Malware threat actors were ranked in a recent report by OpenText Cybersecurity. In 2023, four new ransomware groups topped the list.
Newcomer Cl0p takes the prize for this year's nastiest malware following ransom demands with its MOVEit campaign. Cl0p's efforts helped skyrocket the average ransom payment which is rapidly approaching three quarters of a million dollars. Black Cat, Akira, Royal, Black Basta also made their debut.

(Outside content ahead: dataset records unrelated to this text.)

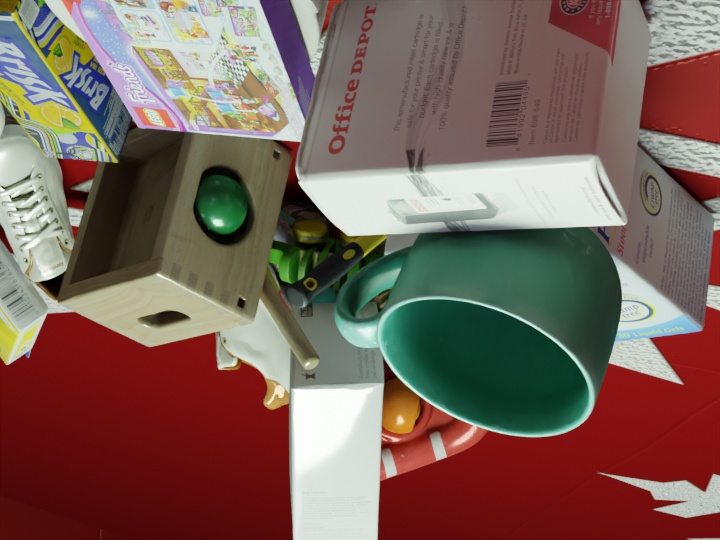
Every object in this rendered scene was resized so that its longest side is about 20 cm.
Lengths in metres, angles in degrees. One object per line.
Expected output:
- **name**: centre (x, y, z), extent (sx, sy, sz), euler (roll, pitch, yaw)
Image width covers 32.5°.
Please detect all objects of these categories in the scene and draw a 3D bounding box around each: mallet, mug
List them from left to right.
- **mallet**: centre (-0.006, -0.026, 0.976), extent (0.066, 0.199, 0.041), euler (51, 127, 9)
- **mug**: centre (0.086, 0.015, 0.838), extent (0.183, 0.115, 0.153), euler (27, 148, 0)

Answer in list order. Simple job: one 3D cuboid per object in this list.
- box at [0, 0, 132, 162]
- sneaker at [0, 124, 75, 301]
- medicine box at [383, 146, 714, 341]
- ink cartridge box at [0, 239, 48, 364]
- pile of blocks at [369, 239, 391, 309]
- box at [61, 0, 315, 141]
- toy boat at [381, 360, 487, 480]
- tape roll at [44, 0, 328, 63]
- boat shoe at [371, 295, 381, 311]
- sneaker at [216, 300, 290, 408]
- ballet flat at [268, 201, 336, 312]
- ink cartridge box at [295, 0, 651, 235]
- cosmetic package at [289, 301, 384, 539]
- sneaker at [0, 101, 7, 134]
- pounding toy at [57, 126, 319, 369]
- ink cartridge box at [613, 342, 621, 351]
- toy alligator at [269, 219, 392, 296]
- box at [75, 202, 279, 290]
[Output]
- **box**: centre (-0.236, -0.158, 0.918), extent (0.069, 0.065, 0.201), euler (6, 156, 14)
- **sneaker**: centre (-0.294, -0.047, 1.136), extent (0.072, 0.085, 0.201), euler (-25, 146, -12)
- **medicine box**: centre (0.151, -0.025, 0.979), extent (0.180, 0.105, 0.199), euler (-11, 148, 43)
- **ink cartridge box**: centre (-0.398, -0.002, 1.252), extent (0.199, 0.047, 0.200), euler (52, 150, 2)
- **pile of blocks**: centre (0.069, 0.021, 1.114), extent (0.200, 0.062, 0.082), euler (44, 113, -8)
- **box**: centre (-0.109, -0.154, 0.800), extent (0.134, 0.040, 0.201), euler (6, 157, 12)
- **toy boat**: centre (0.039, 0.129, 1.196), extent (0.197, 0.133, 0.131), euler (-19, 176, -3)
- **tape roll**: centre (-0.118, -0.189, 0.824), extent (0.199, 0.038, 0.203), euler (11, 157, 5)
- **boat shoe**: centre (0.034, 0.031, 1.220), extent (0.072, 0.064, 0.201), euler (18, 157, -14)
- **sneaker**: centre (-0.118, 0.038, 1.149), extent (0.201, 0.084, 0.073), euler (53, 177, 11)
- **ballet flat**: centre (-0.059, -0.012, 1.186), extent (0.071, 0.073, 0.201), euler (9, 157, 6)
- **ink cartridge box**: centre (0.071, -0.105, 0.778), extent (0.197, 0.148, 0.085), euler (0, 154, 28)
- **cosmetic package**: centre (-0.022, 0.139, 1.074), extent (0.080, 0.114, 0.203), euler (0, 128, -4)
- **sneaker**: centre (-0.327, -0.151, 0.963), extent (0.075, 0.082, 0.201), euler (9, 156, 12)
- **pounding toy**: centre (-0.130, -0.018, 1.031), extent (0.141, 0.187, 0.198), euler (29, 152, -36)
- **ink cartridge box**: centre (0.211, 0.051, 1.214), extent (0.093, 0.038, 0.200), euler (14, 160, -1)
- **toy alligator**: centre (0.000, 0.000, 1.054), extent (0.196, 0.054, 0.060), euler (8, 113, 7)
- **box**: centre (-0.177, -0.021, 1.226), extent (0.198, 0.051, 0.075), euler (23, 155, -22)
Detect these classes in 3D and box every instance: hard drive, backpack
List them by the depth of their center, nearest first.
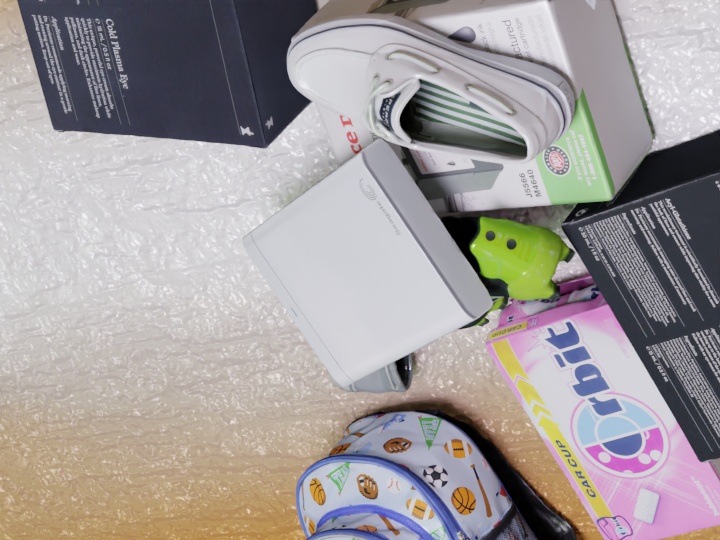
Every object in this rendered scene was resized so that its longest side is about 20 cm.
[{"bbox_3d":[0.000,0.000,1.471,0.132,0.027,0.200,56,149,-2],"label":"hard drive"},{"bbox_3d":[0.038,0.207,1.648,0.200,0.154,0.191,-19,101,42],"label":"backpack"}]

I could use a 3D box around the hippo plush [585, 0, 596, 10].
[{"bbox_3d":[0.119,-0.277,1.233,0.200,0.159,0.161,51,123,15],"label":"hippo plush"}]

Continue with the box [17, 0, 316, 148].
[{"bbox_3d":[-0.136,-0.199,1.481,0.181,0.104,0.201,8,126,28],"label":"box"}]

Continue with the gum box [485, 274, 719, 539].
[{"bbox_3d":[0.186,0.092,1.522,0.113,0.066,0.200,-20,110,38],"label":"gum box"}]

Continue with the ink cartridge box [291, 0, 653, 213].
[{"bbox_3d":[0.074,-0.119,1.425,0.199,0.084,0.146,-5,119,34],"label":"ink cartridge box"}]

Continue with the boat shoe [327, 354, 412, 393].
[{"bbox_3d":[0.013,0.008,1.574,0.071,0.070,0.201,8,130,12],"label":"boat shoe"}]

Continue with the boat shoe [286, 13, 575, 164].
[{"bbox_3d":[0.033,-0.113,1.350,0.199,0.067,0.074,10,125,26],"label":"boat shoe"}]

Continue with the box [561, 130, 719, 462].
[{"bbox_3d":[0.248,0.015,1.422,0.141,0.079,0.200,-17,111,41],"label":"box"}]

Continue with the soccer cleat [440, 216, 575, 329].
[{"bbox_3d":[0.077,-0.005,1.477,0.081,0.068,0.200,24,165,-13],"label":"soccer cleat"}]

The threat actors were ranked as follows:
- Cl0p, a RaaS platform that became famous following a series of cyberattacks, exploited a zero-day vulnerability in the MOVEit Transfer file software.
- Black Cat has built their RaaS platform on the Rust programming language. They made headlines for taking down MGM Casino Resorts.
- Akira, presumed to be a descendant of Conti, primarily targets small to medium sized businesses due to the ease and turnaround time.
- Royal, suspected heir to Ryuk, uses Whitehat penetration testing tools to move laterally in an environment to gain control of the entire network. Helping aid in deception is their unique partial encryption approach that allows the threat actor to choose a specific percentage of data in a file to encrypt.
- Lockbit 3.0 continues to wreak havoc. Now in its third epoch, Lockbit 3.0 is more modular and evasive than its predecessors.
- Black Basta is one of the most active RaaS threat actors and is also considered to be yet another descendant of the Conti ransomware group. They have gained a reputation for targeting all types of industries indiscriminately.